### Exercise details:
Below is a listing; restate from it, character for character, the lines beginning at the line holding "Answer yes or no. Yes. Is Yellow" and ending at the line holding "Answer yes or no. Yes. Is Web", both included.

### Supplied entries:
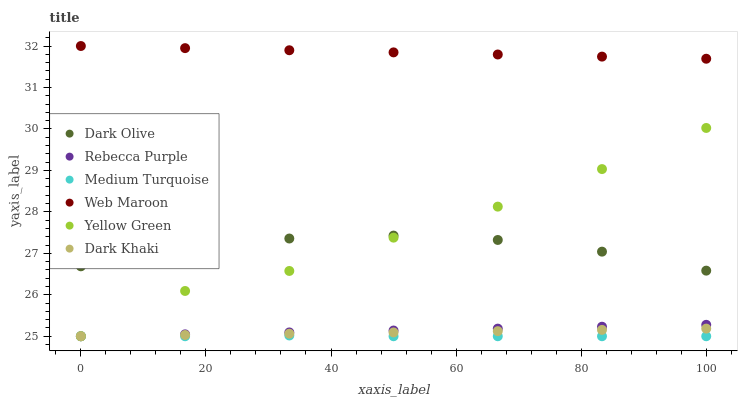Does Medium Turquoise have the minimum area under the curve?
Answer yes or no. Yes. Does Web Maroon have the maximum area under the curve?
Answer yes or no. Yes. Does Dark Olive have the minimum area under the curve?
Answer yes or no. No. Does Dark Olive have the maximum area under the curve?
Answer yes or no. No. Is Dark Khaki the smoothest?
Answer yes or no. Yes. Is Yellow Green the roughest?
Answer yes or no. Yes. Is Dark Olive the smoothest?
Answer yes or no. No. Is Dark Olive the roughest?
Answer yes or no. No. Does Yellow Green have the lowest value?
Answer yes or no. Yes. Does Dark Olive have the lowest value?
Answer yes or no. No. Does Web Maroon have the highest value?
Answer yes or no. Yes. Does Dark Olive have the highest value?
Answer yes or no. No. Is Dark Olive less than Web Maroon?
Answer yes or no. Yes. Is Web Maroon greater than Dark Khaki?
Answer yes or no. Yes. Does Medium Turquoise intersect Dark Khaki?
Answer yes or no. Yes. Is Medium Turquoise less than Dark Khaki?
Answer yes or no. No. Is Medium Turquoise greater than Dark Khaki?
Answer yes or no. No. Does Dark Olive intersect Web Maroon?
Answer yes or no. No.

### Completed exercise:
Answer yes or no. Yes. Is Yellow Green the roughest?
Answer yes or no. Yes. Is Dark Olive the smoothest?
Answer yes or no. No. Is Dark Olive the roughest?
Answer yes or no. No. Does Yellow Green have the lowest value?
Answer yes or no. Yes. Does Dark Olive have the lowest value?
Answer yes or no. No. Does Web Maroon have the highest value?
Answer yes or no. Yes. Does Dark Olive have the highest value?
Answer yes or no. No. Is Dark Olive less than Web Maroon?
Answer yes or no. Yes. Is Web Maroon greater than Dark Khaki?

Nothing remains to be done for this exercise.